Last night I did as much of the home makeover as I could bear to. I washed my sheets, hoovered for the first time in a fortnight, dried the sheets, and attempted to tidy the piles of recipes, post-it notes and newspapers that adorn any horizontal space in my flat.
I then tried to re-arrange my bathroom products to convey the fact that I am a natural beauty who doesn’t sweat or have body hair: hide all make-up, my razor and deodorant, bring out the cheapest, simplest £3 Superdrug moisturiser (it’s very good, actually).
I am not a total sloven, just messy. My bathroom is always clean, and my kitchen is spotless. I love to cook, and this kitchen brings me more joy than any other room in the flat. Although it’s only Ikea, it’s fairly gorgeous. White units, a grey worktop, a pale yellow glass splashback. The only thing I did in the kitchen last night was pop the bottle of beautiful white wine that Maggie Bainbridge gave me for Christmas into the fridge, just in case.
It’s 6.24pm. Two hours and twenty before I have to leave the house to meet him. I perform all ablutions as carefully as possible but I’m in such a panic that I cut my leg shaving. This happens to me about once every three shaves.

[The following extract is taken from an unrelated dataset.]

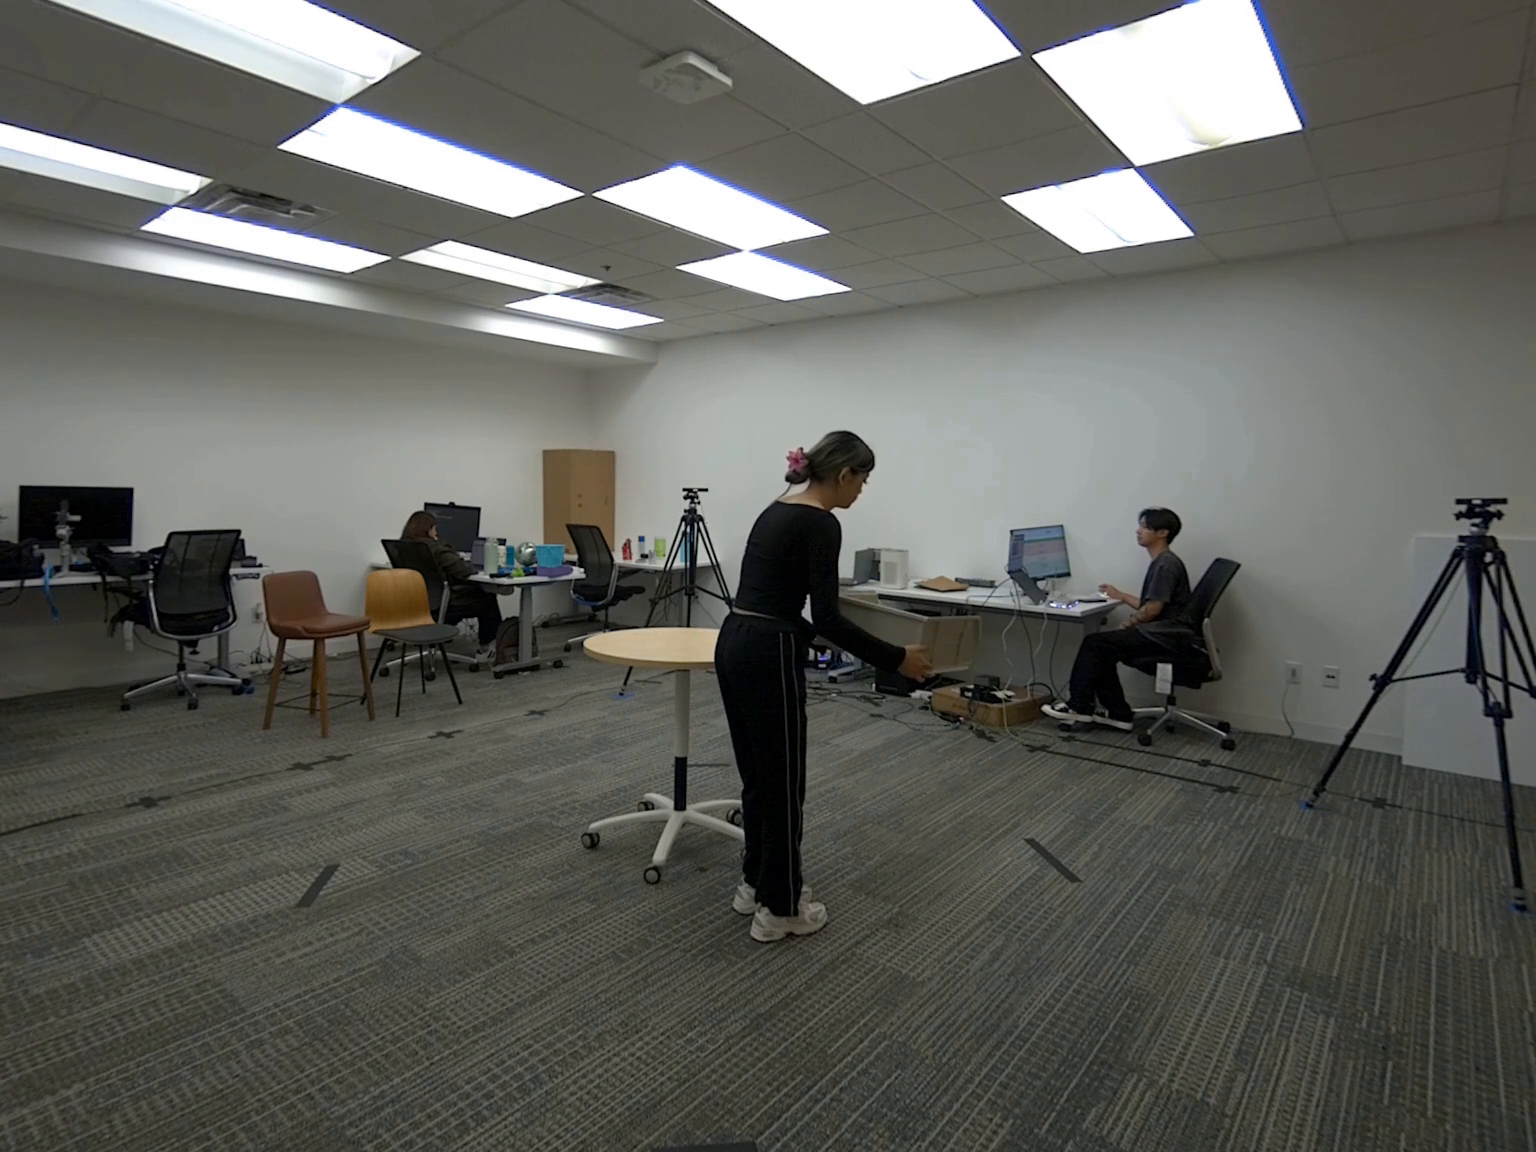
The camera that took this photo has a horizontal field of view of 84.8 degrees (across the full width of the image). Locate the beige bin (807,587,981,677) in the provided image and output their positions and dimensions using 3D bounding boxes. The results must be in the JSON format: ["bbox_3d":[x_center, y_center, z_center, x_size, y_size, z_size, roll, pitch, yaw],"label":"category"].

I’m clumsy and impatient, but I have the added bonus of having Factor XI deficiency, a harmless but irritating disorder I inherited from my dad that means when I bleed, I take a while to stop bleeding. I once cut myself shaving before I had to get on the Eurostar to Paris for a choux pastry seminar and by the time I got to the Champs Elysees, I had a shoe full of blood. Pas très chic.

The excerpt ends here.